Moreover, the majority ignores the Supreme Court’s main concern in Rogers— whether the retroactive application of the change in law was “an exercise of the sort of unfair and arbitrary judicial action against which the Due Process Clause aims to protect.” Id. at 467, 121 S.Ct. 1693. Carpenter abolished the diminished-capacity defense nearly five years before Lancaster’s second trial. In my view, applying Carpenter to Lancaster several years after it was handed down was neither unfair nor arbitrary, especially when Lancaster was able to argue insanity under the still-available insanity statute. The majority’s reliance on Michigan v. McRunels, 237 Mich.App. 168, 603 N.W.2d 95 (1999), to argue the contrary is misplaced because McRunels is not instructive on the issue of foreseeability. In McRunels, the court considered the retroactive application of a statutory, rather than a judicial, change in the law; therefore, the court never considered whether the change was foreseeable. See McRunels, 603 N.W.2d at 99-102; see also Rogers, 532 U.S. at 459-62, 121 S.Ct. 1693 (explaining that retroactive applications of statutory changes in law are analyzed under ex post facto principles while judicial changes are analyzed “in accordance with the more basic and general principle of fair warning”). Accordingly, McRunels is materially distinguishable, and the majority’s reliance on it to illustrate foreseeability is incorrect. Considering other jurisdictions’ elimination of the diminished-capacity defense, the length of time between Carpenter and Lancaster’s second trial, and the lack of independent standing that the defense had in Michigan — each of which were considerations of the Court in Rogers — the principles of Rogers indicate that Carpenter’s abolishing of the defense was not unexpected.
*757Because the elimination of the diminished-capacity defense in Michigan was neither unexpected nor indefensible, the Michigan Court of Appeals’s adjudication of Lancaster’s due process claim was consistent with Supreme Court precedent. Accordingly, it was not so lacking in justification as to entitle Lancaster to habeas relief under AEDPA’s strict standard, and, therefore, I must respectfully dissent.

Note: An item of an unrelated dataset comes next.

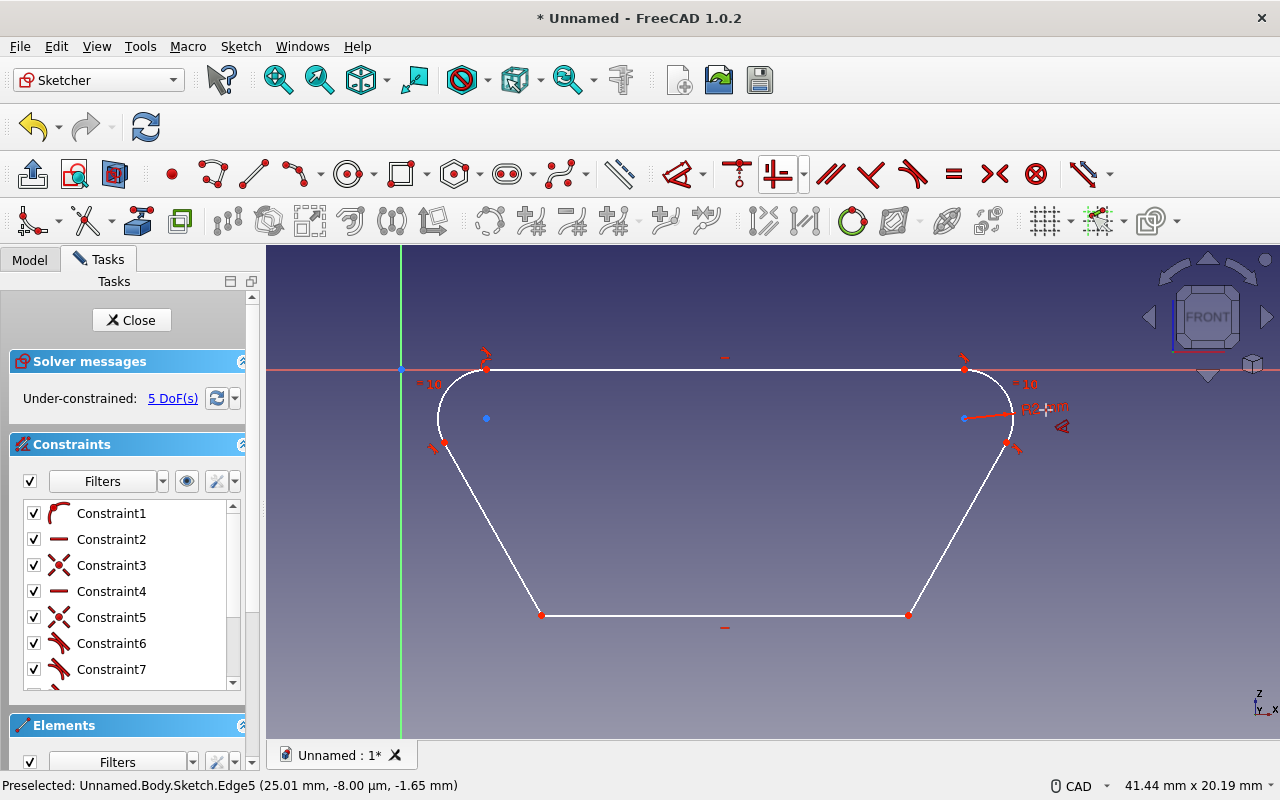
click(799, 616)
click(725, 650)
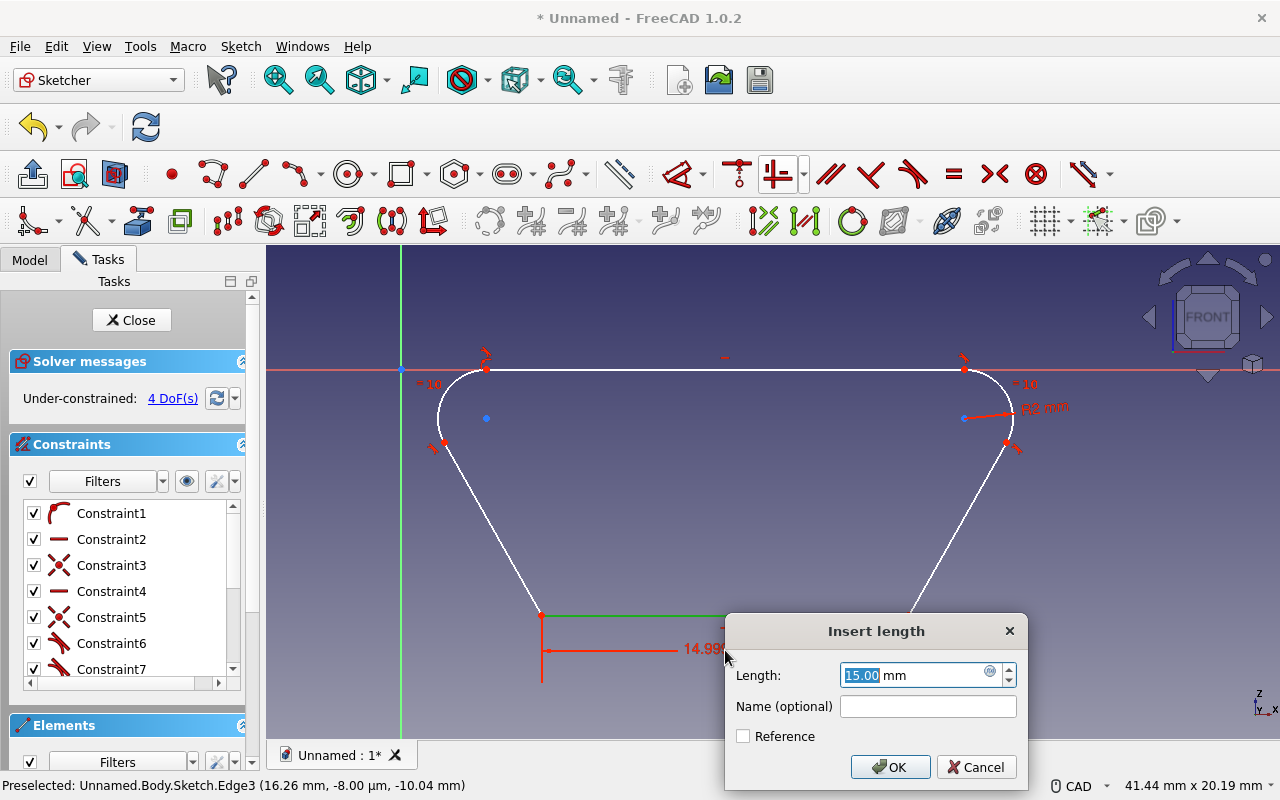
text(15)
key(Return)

. See, e.g., Cal.Penal Code § 25(a) (2011); Mincey v. Head, 206 F.3d 1106, 1139 (11th Cir.2000) (applying Georgia law and recognizing that no state court has adopted the defense); Barnett v. Alabama, 540 So.2d 810, 812 (Ala.Crim.App.1988); Arizona v. Laffoon, 125 Ariz. 484, 610 P.2d 1045, 1047 (1980); O’Brien v. United States, 962 A.2d 282, 300-01 (D.C.2008); Hodges v. Florida, 885 So.2d 338, 352 n. 8 (Fla.2004); Hawaii v. Klafta, 73 Haw. 109, 117, 831 P.2d 512 (Haw.1992); Cardine v. Indiana, 475 N.E.2d 696, 698 (Ind. 1985); Iowa v. Plowman, 386 N.W.2d 546, 548 (Iowa Ct.App.1986) (stating that the defense is not available for general intent crimes); Kansas v. Pennington, 281 Kan. 426, 132 P.3d 902, 908 (2006); Louisiana v. Thompson, 665 So.2d 643, 647 (La.Ct.App. 1995); Maryland v. Greco, 199 Md.App. 646, 24 A.3d 135, 144 (2011); Massachusetts v. Finstein, 426 Mass. 200, 687 N.E.2d 638, 640 (1997); Cuypers v. Minnesota, 711 N.W.2d 100, 105 (Minn.2006); Stevens v. Mississippi, 806 So.2d 1031, 1051 (Miss.2001); North Carolina v. Adams, 85 N.C.App. 200, 354 S.E.2d 338, 343 (1987); Ohio v. Wilcox, 70 Ohio St.2d 182, 436 N.E.2d 523, 533 (1982); South Carolina v. Santiago, 370 S.C. 153, 634 S.E.2d 23, 28-29 (App.2006); Tennessee v. Grose, 982 S.W.2d 349, 353 (Tenn.Crim.App.1997); Davis v. Texas, 313 S.W.3d 317, 328 (Tex.Crim.App.2010); Keats v. Wyoming, 115 P.3d 1110, 1119 (Wyo.2005).